• YOUR GOAL:
Print each record below precisely, with every picture left out of the copy.

[Records from a data source]
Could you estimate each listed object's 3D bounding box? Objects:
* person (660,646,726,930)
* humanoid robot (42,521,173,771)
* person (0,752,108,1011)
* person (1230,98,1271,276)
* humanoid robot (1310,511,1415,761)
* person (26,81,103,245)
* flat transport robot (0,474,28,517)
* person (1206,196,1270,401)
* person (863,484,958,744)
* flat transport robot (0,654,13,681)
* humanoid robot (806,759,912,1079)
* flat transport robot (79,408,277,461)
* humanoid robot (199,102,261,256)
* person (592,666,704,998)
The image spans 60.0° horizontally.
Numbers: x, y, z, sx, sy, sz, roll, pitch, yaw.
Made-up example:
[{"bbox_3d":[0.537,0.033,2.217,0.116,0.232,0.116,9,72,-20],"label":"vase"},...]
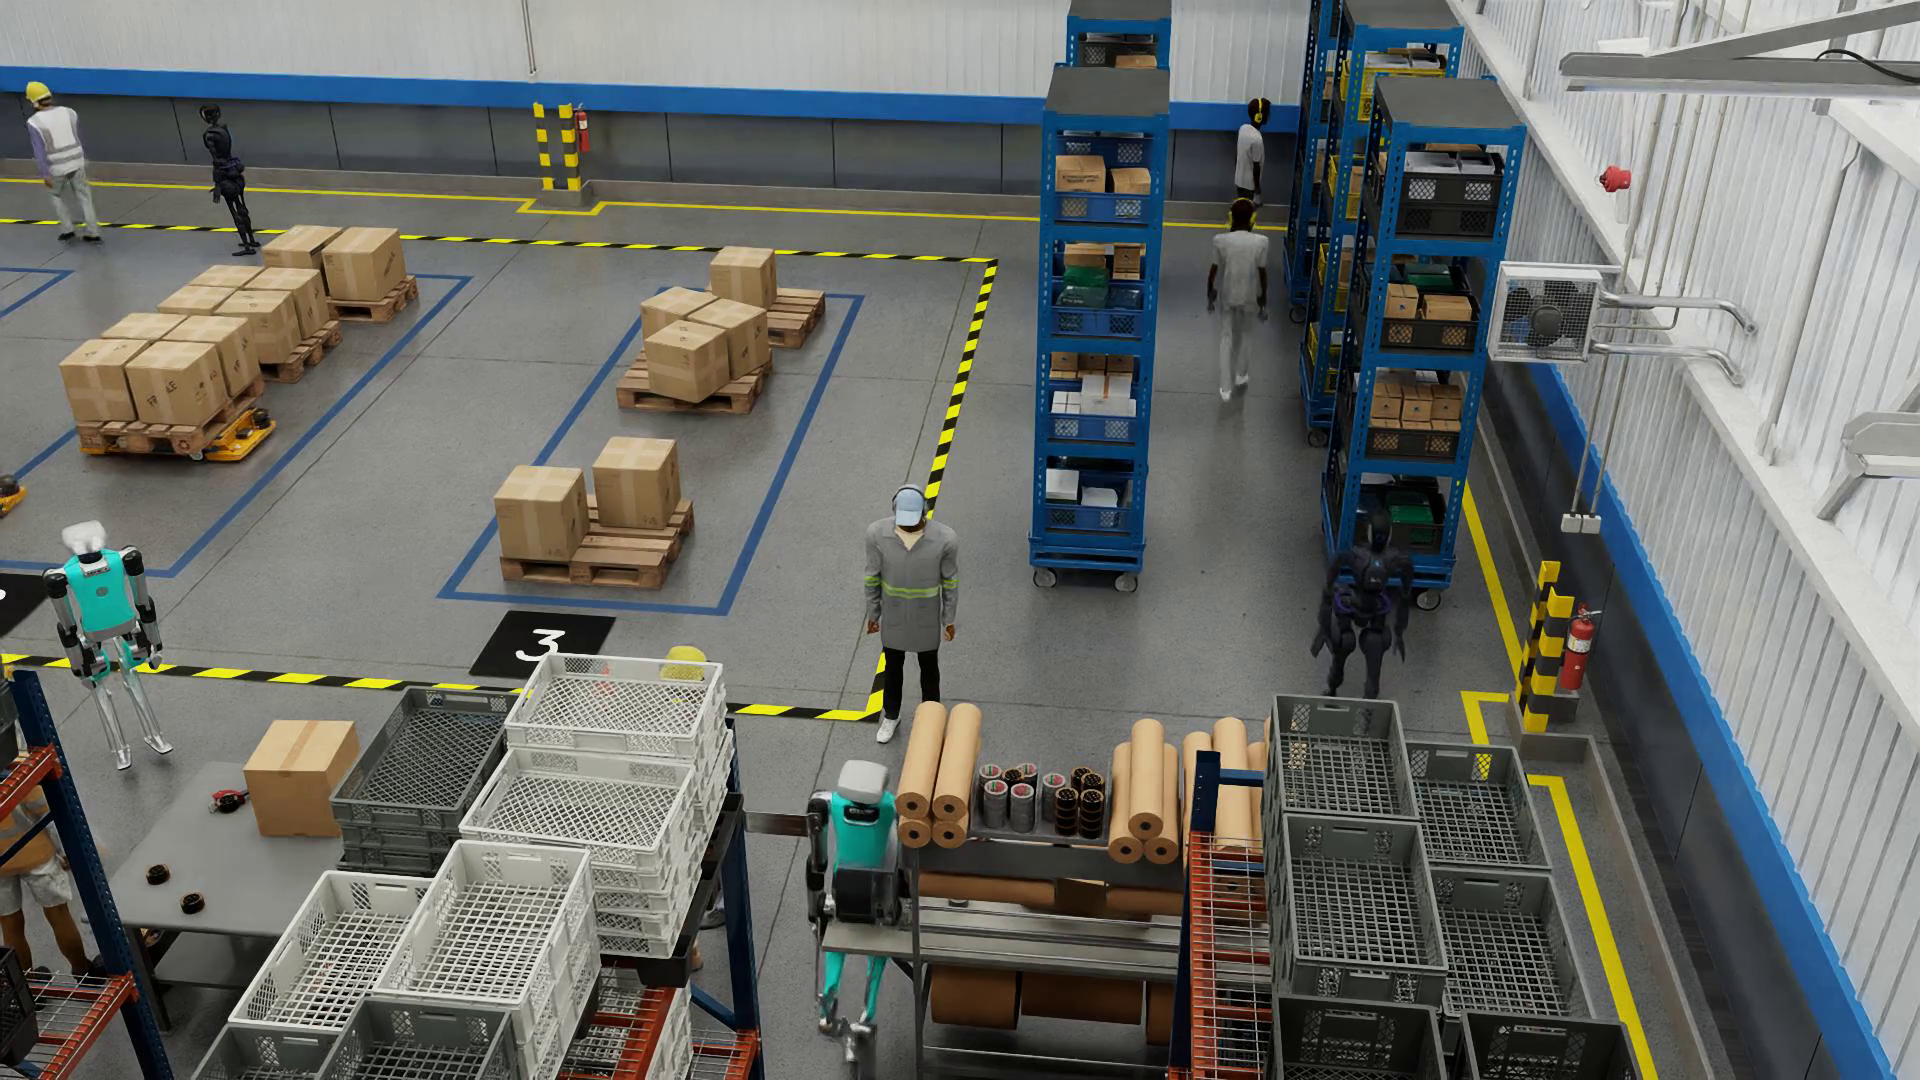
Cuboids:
[{"bbox_3d":[-1.389,1.316,8.923,0.328,1.767,0.527,-7,31,-11],"label":"person"},{"bbox_3d":[-5.173,0.580,10.089,0.533,1.671,0.735,-21,36,-32],"label":"humanoid robot"},{"bbox_3d":[-4.749,1.557,8.341,0.544,1.938,0.351,-8,31,-13],"label":"person"},{"bbox_3d":[3.039,-3.710,17.455,0.309,1.868,0.530,-7,31,-12],"label":"person"},{"bbox_3d":[2.504,0.542,10.387,0.589,1.623,0.781,0,30,1],"label":"humanoid robot"},{"bbox_3d":[-9.861,-4.119,18.214,0.610,1.808,0.607,19,35,30],"label":"person"},{"bbox_3d":[-8.283,-0.324,13.201,1.431,0.197,0.652,3,30,6],"label":"flat transport robot"},{"bbox_3d":[2.486,-2.188,14.857,0.562,1.849,0.666,5,31,9],"label":"person"},{"bbox_3d":[-0.306,0.463,10.308,0.586,1.848,0.392,3,30,5],"label":"person"},{"bbox_3d":[-7.142,0.969,11.010,1.431,0.231,0.659,3,30,6],"label":"flat transport robot"},{"bbox_3d":[-0.489,1.987,7.862,0.554,1.844,0.859,2,30,3],"label":"humanoid robot"},{"bbox_3d":[-6.709,-0.943,14.266,1.431,0.197,0.652,3,30,6],"label":"flat transport robot"},{"bbox_3d":[-7.919,-3.909,17.973,0.315,1.656,0.599,-2,30,-4],"label":"humanoid robot"},{"bbox_3d":[-1.587,1.485,8.369,0.408,2.037,0.614,10,32,16],"label":"person"}]

• SOLUTION:
Could you estimate each listed object's 3D bounding box? Objects:
* person (660,646,726,930)
* humanoid robot (42,521,173,771)
* person (0,752,108,1011)
* person (1230,98,1271,276)
* humanoid robot (1310,511,1415,761)
* person (26,81,103,245)
* flat transport robot (0,474,28,517)
* person (1206,196,1270,401)
* person (863,484,958,744)
* flat transport robot (0,654,13,681)
* humanoid robot (806,759,912,1079)
* flat transport robot (79,408,277,461)
* humanoid robot (199,102,261,256)
* person (592,666,704,998)
The image spans 60.0° horizontally.
Numbers: x, y, z, sx, sy, sz, roll, pitch, yaw.
Made-up example:
[{"bbox_3d":[0.537,0.033,2.217,0.116,0.232,0.116,9,72,-20],"label":"vase"},...]
Cuboids:
[{"bbox_3d":[-1.389,1.316,8.923,0.328,1.767,0.527,-7,31,-11],"label":"person"},{"bbox_3d":[-5.173,0.580,10.089,0.533,1.671,0.735,-21,36,-32],"label":"humanoid robot"},{"bbox_3d":[-4.749,1.557,8.341,0.544,1.938,0.351,-8,31,-13],"label":"person"},{"bbox_3d":[3.039,-3.710,17.455,0.309,1.868,0.530,-7,31,-12],"label":"person"},{"bbox_3d":[2.504,0.542,10.387,0.589,1.623,0.781,0,30,1],"label":"humanoid robot"},{"bbox_3d":[-9.861,-4.119,18.214,0.610,1.808,0.607,19,35,30],"label":"person"},{"bbox_3d":[-8.283,-0.324,13.201,1.431,0.197,0.652,3,30,6],"label":"flat transport robot"},{"bbox_3d":[2.486,-2.188,14.857,0.562,1.849,0.666,5,31,9],"label":"person"},{"bbox_3d":[-0.306,0.463,10.308,0.586,1.848,0.392,3,30,5],"label":"person"},{"bbox_3d":[-7.142,0.969,11.010,1.431,0.231,0.659,3,30,6],"label":"flat transport robot"},{"bbox_3d":[-0.489,1.987,7.862,0.554,1.844,0.859,2,30,3],"label":"humanoid robot"},{"bbox_3d":[-6.709,-0.943,14.266,1.431,0.197,0.652,3,30,6],"label":"flat transport robot"},{"bbox_3d":[-7.919,-3.909,17.973,0.315,1.656,0.599,-2,30,-4],"label":"humanoid robot"},{"bbox_3d":[-1.587,1.485,8.369,0.408,2.037,0.614,10,32,16],"label":"person"}]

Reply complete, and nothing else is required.